TASK ITEM: Working from the records below, repeat exactly the lines starting at the line that contains "Answer yes or no. Yes. Does Light" and ending at the line that contains "Answer yes or no. No. Does", inclusive.
########################################
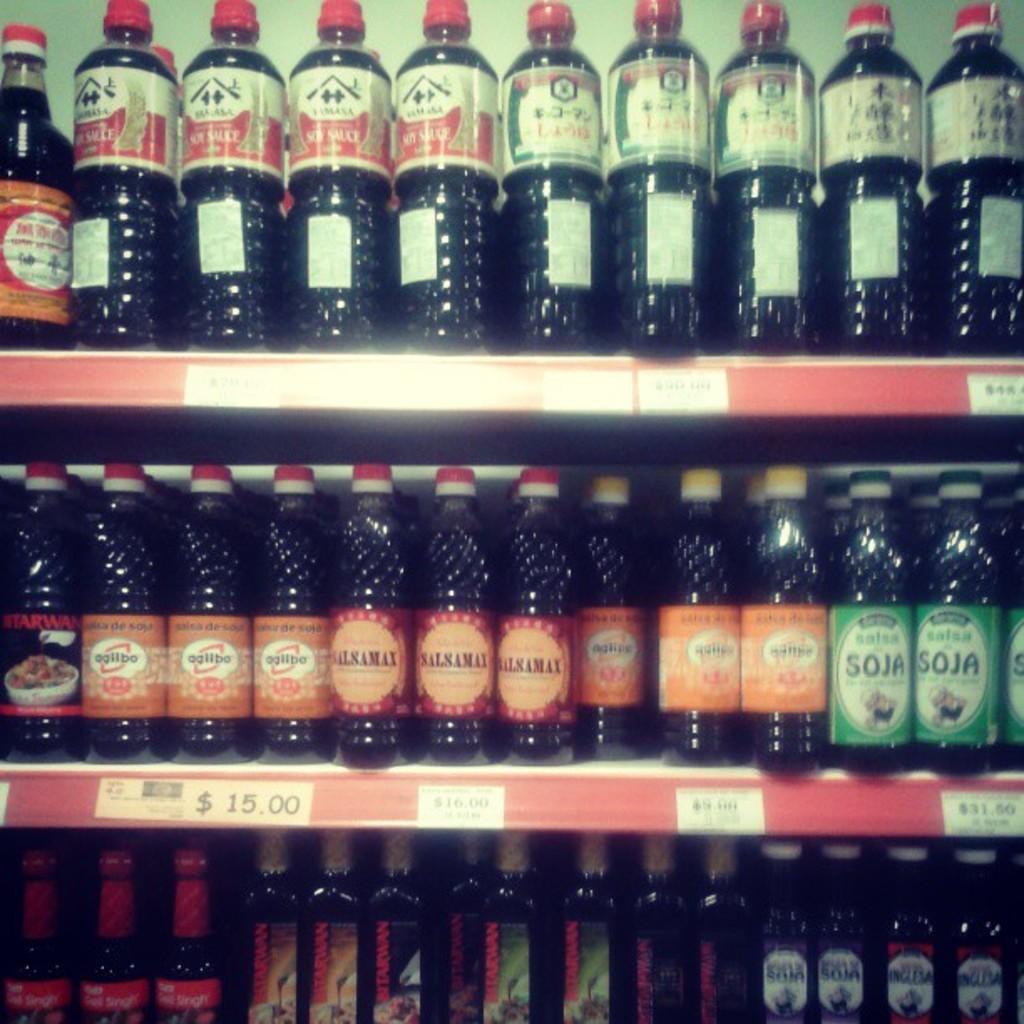How much does the orange label product on the left of the middle shelf cost?
Ensure brevity in your answer.  15.00. What does the green bottle say?
Provide a short and direct response. Soja. 
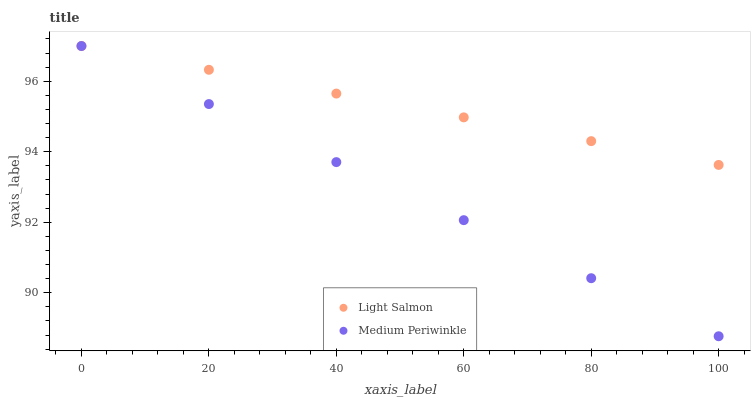Does Medium Periwinkle have the minimum area under the curve?
Answer yes or no. Yes. Does Light Salmon have the maximum area under the curve?
Answer yes or no. Yes. Does Medium Periwinkle have the maximum area under the curve?
Answer yes or no. No. Is Medium Periwinkle the smoothest?
Answer yes or no. Yes. Is Light Salmon the roughest?
Answer yes or no. Yes. Is Medium Periwinkle the roughest?
Answer yes or no. No. Does Medium Periwinkle have the lowest value?
Answer yes or no. Yes. Does Medium Periwinkle have the highest value?
Answer yes or no. Yes. Does Medium Periwinkle intersect Light Salmon?
Answer yes or no. Yes. Is Medium Periwinkle less than Light Salmon?
Answer yes or no. No. Is Medium Periwinkle greater than Light Salmon?
Answer yes or no. No.
########################################
OUTPUT FOR THIS TASK:
Answer yes or no. Yes. Does Light Salmon have the maximum area under the curve?
Answer yes or no. Yes. Does Medium Periwinkle have the maximum area under the curve?
Answer yes or no. No. Is Medium Periwinkle the smoothest?
Answer yes or no. Yes. Is Light Salmon the roughest?
Answer yes or no. Yes. Is Medium Periwinkle the roughest?
Answer yes or no. No. Does Medium Periwinkle have the lowest value?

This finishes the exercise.